DATA:
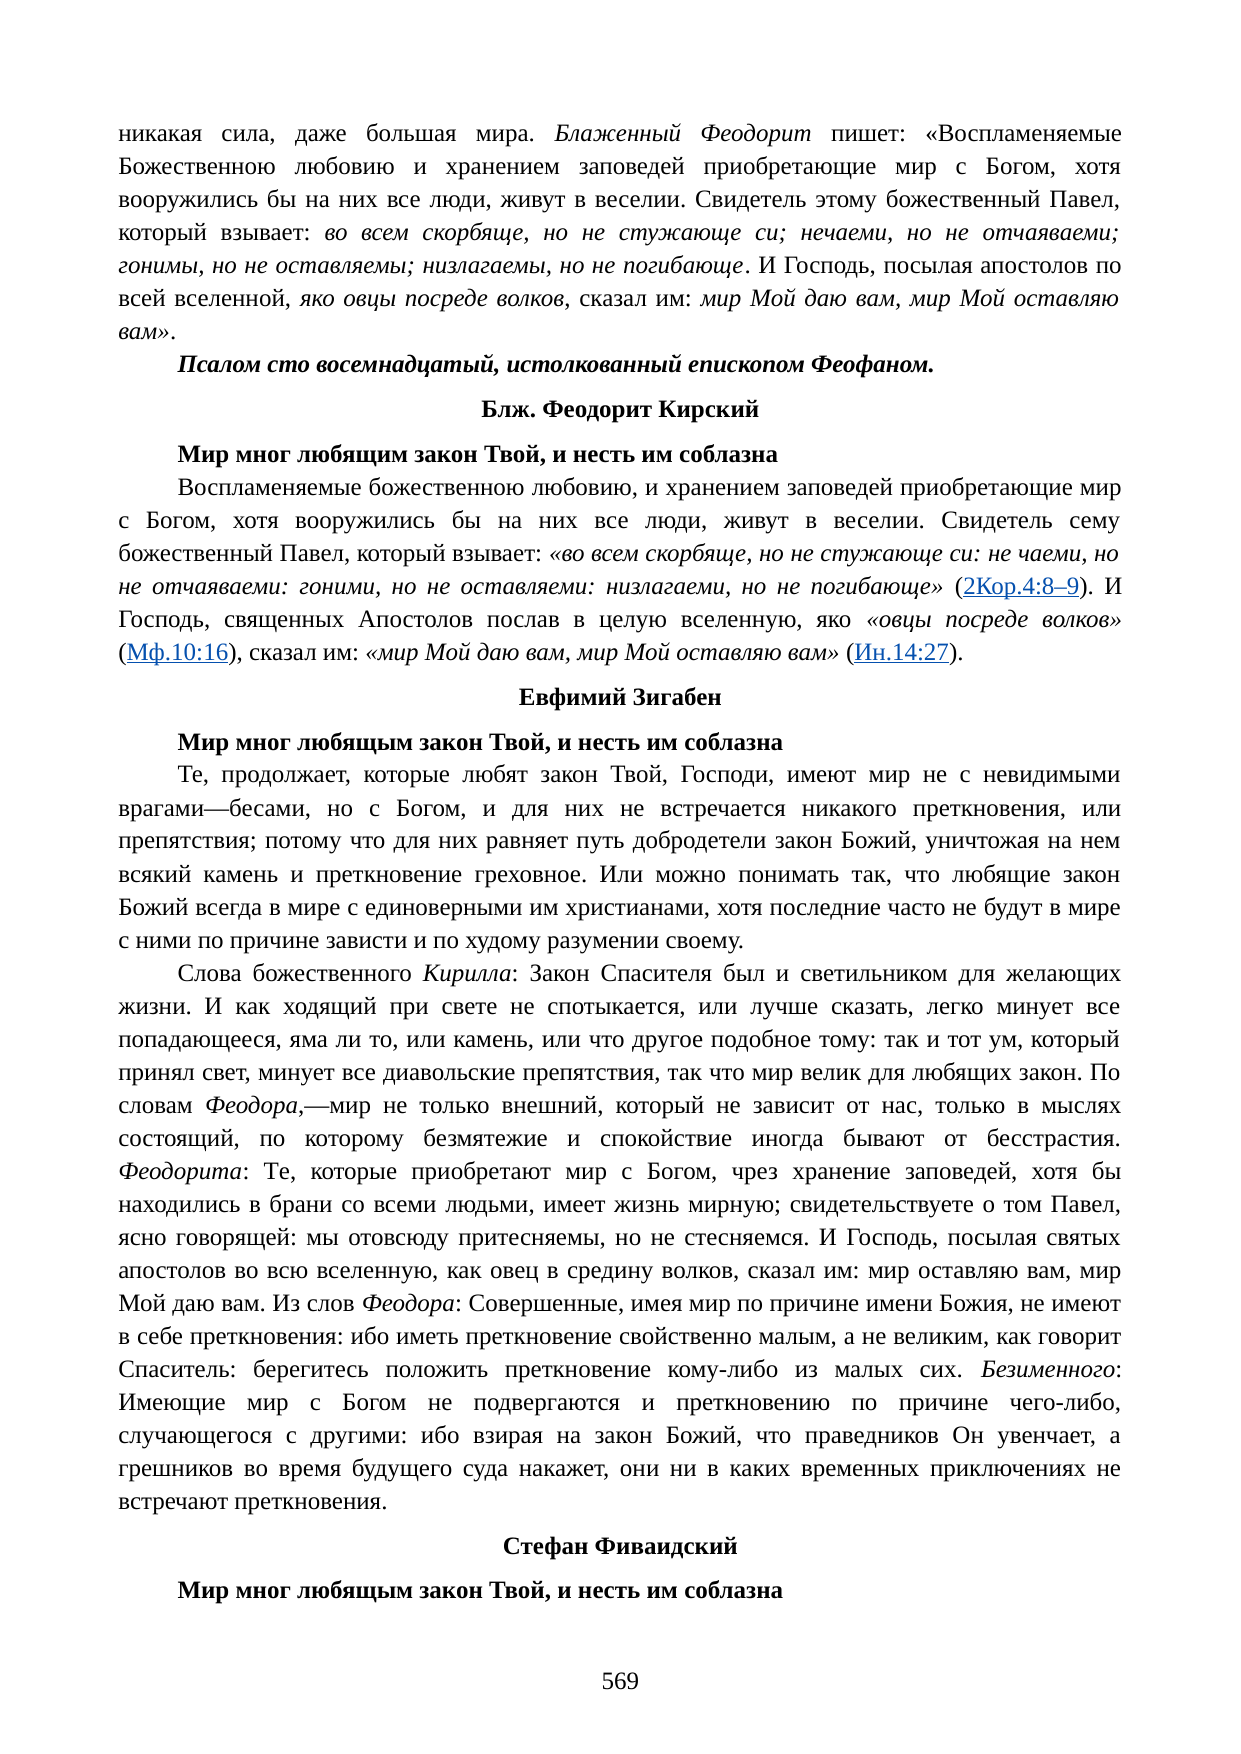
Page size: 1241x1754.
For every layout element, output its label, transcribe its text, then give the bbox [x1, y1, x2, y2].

subtitle Блж. Феодорит Кирский [118, 394, 1122, 423]
text Воспламеняемые божественною любовию, и хранением заповедей приобретающие мир с Богом, хотя вооружились бы на них все люди, живут в веселии. Свидетель сему божественный Павел, который взывает: «во всем скорбяще, но не стужающе си: не чаеми, но не отчаяваеми: гоними, но не оставляеми: низлагаеми, но не погибающе» (2Кор.4:8–9). И Господь, священных Апостолов послав в целую вселенную, яко «овцы посреде волков» (Мф.10:16), сказал им: «мир Мой даю вам, мир Мой оставляю вам» (Ин.14:27). [118, 472, 1122, 666]
text Псалом сто восемнадцатый, истолкованный епископом Феофаном. [118, 349, 1122, 378]
text никакая сила, даже большая мира. Блаженный Феодорит пишет: «Воспламеняемые Божественною любовию и хранением заповедей приобретающие мир с Богом, хотя вооружились бы на них все люди, живут в веселии. Свидетель этому божественный Павел, который взывает: во всем скорбяще, но не стужающе си; нечаеми, но не отчаяваеми; гонимы, но не оставляемы; низлагаемы, но не погибающе. И Господь, посылая апостолов по всей вселенной, яко овцы посреде волков, сказал им: мир Мой даю вам, мир Мой оставляю вам». [118, 118, 1122, 345]
text Слова божественного Кирилла: Закон Спасителя был и светильником для желающих жизни. И как ходящий при свете не спотыкается, или лучше сказать, легко минует все попадающееся, яма ли то, или камень, или что другое подобное тому: так и тот ум, который принял свет, минует все диавольские препятствия, так что мир велик для любящих закон. По словам Феодора,—мир не только внешний, который не зависит от нас, только в мыслях состоящий, по которому безмятежие и спокойствие иногда бывают от бесстрастия. Феодорита: Tе, которые приобретают мир с Богом, чрез хранение заповедей, хотя бы находились в брани со всеми людьми, имеет жизнь мирную; свидетельствуете о том Павел, ясно говорящей: мы отовсюду притесняемы, но не стесняемся. И Господь, посылая святых апостолов во всю вселенную, как овец в средину волков, сказал им: мир оставляю вам, мир Мой даю вам. Из слов Феодора: Совершенные, имея мир по причине имени Божия, не имеют в себе преткновения: ибо иметь преткновение свойственно малым, а не великим, как говорит Спаситель: берегитесь положить преткновение кому-либо из малых сих. Безименного: Имеющие мир с Богом не подвергаются и преткновению по причине чего-либо, случающегося с другими: ибо взирая на закон Божий, что праведников Он увенчает, а грешников во время будущего суда накажет, они ни в каких временных приключениях не встречают преткновения. [118, 958, 1122, 1515]
subtitle Евфимий Зигабен [118, 682, 1122, 711]
text Мир мног любящым закон Твой, и несть им соблазна [118, 727, 1122, 755]
text Мир мног любящым закон Твой, и несть им соблазна [118, 1576, 1122, 1604]
text Мир мног любящим закон Твой, и несть им соблазна [118, 439, 1122, 468]
subtitle Стефан Фиваидский [118, 1531, 1122, 1559]
text Те, продолжает, которые любят закон Твой, Господи, имеют мир не с невидимыми врагами—бесами, но с Богом, и для них не встречается никакого преткновения, или препятствия; потому что для них равняет путь добродетели закон Божий, уничтожая на нем всякий камень и преткновение греховное. Или можно понимать так, что любящие закон Божий всегда в мире с единоверными им христианами, хотя последние часто не будут в мире с ними по причине зависти и по худому разумении своему. [118, 759, 1122, 953]

WORK TASK:
Repeat the material exactly. Skip the images.

RESPONSE BOX:
Page size: 1241x1754.
For every layout element, output its label, transcribe its text, then give the bbox [x1, y1, x2, y2].

subtitle Блж. Феодорит Кирский [118, 394, 1122, 423]
text Воспламеняемые божественною любовию, и хранением заповедей приобретающие мир с Богом, хотя вооружились бы на них все люди, живут в веселии. Свидетель сему божественный Павел, который взывает: «во всем скорбяще, но не стужающе си: не чаеми, но не отчаяваеми: гоними, но не оставляеми: низлагаеми, но не погибающе» (2Кор.4:8–9). И Господь, священных Апостолов послав в целую вселенную, яко «овцы посреде волков» (Мф.10:16), сказал им: «мир Мой даю вам, мир Мой оставляю вам» (Ин.14:27). [118, 472, 1122, 666]
text Псалом сто восемнадцатый, истолкованный епископом Феофаном. [118, 349, 1122, 378]
text никакая сила, даже большая мира. Блаженный Феодорит пишет: «Воспламеняемые Божественною любовию и хранением заповедей приобретающие мир с Богом, хотя вооружились бы на них все люди, живут в веселии. Свидетель этому божественный Павел, который взывает: во всем скорбяще, но не стужающе си; нечаеми, но не отчаяваеми; гонимы, но не оставляемы; низлагаемы, но не погибающе. И Господь, посылая апостолов по всей вселенной, яко овцы посреде волков, сказал им: мир Мой даю вам, мир Мой оставляю вам». [118, 118, 1122, 345]
text Слова божественного Кирилла: Закон Спасителя был и светильником для желающих жизни. И как ходящий при свете не спотыкается, или лучше сказать, легко минует все попадающееся, яма ли то, или камень, или что другое подобное тому: так и тот ум, который принял свет, минует все диавольские препятствия, так что мир велик для любящих закон. По словам Феодора,—мир не только внешний, который не зависит от нас, только в мыслях состоящий, по которому безмятежие и спокойствие иногда бывают от бесстрастия. Феодорита: Tе, которые приобретают мир с Богом, чрез хранение заповедей, хотя бы находились в брани со всеми людьми, имеет жизнь мирную; свидетельствуете о том Павел, ясно говорящей: мы отовсюду притесняемы, но не стесняемся. И Господь, посылая святых апостолов во всю вселенную, как овец в средину волков, сказал им: мир оставляю вам, мир Мой даю вам. Из слов Феодора: Совершенные, имея мир по причине имени Божия, не имеют в себе преткновения: ибо иметь преткновение свойственно малым, а не великим, как говорит Спаситель: берегитесь положить преткновение кому-либо из малых сих. Безименного: Имеющие мир с Богом не подвергаются и преткновению по причине чего-либо, случающегося с другими: ибо взирая на закон Божий, что праведников Он увенчает, а грешников во время будущего суда накажет, они ни в каких временных приключениях не встречают преткновения. [118, 958, 1122, 1515]
subtitle Евфимий Зигабен [118, 682, 1122, 711]
text Мир мног любящым закон Твой, и несть им соблазна [118, 727, 1122, 755]
text Мир мног любящым закон Твой, и несть им соблазна [118, 1576, 1122, 1604]
text Мир мног любящим закон Твой, и несть им соблазна [118, 439, 1122, 468]
subtitle Стефан Фиваидский [118, 1531, 1122, 1559]
text Те, продолжает, которые любят закон Твой, Господи, имеют мир не с невидимыми врагами—бесами, но с Богом, и для них не встречается никакого преткновения, или препятствия; потому что для них равняет путь добродетели закон Божий, уничтожая на нем всякий камень и преткновение греховное. Или можно понимать так, что любящие закон Божий всегда в мире с единоверными им христианами, хотя последние часто не будут в мире с ними по причине зависти и по худому разумении своему. [118, 759, 1122, 953]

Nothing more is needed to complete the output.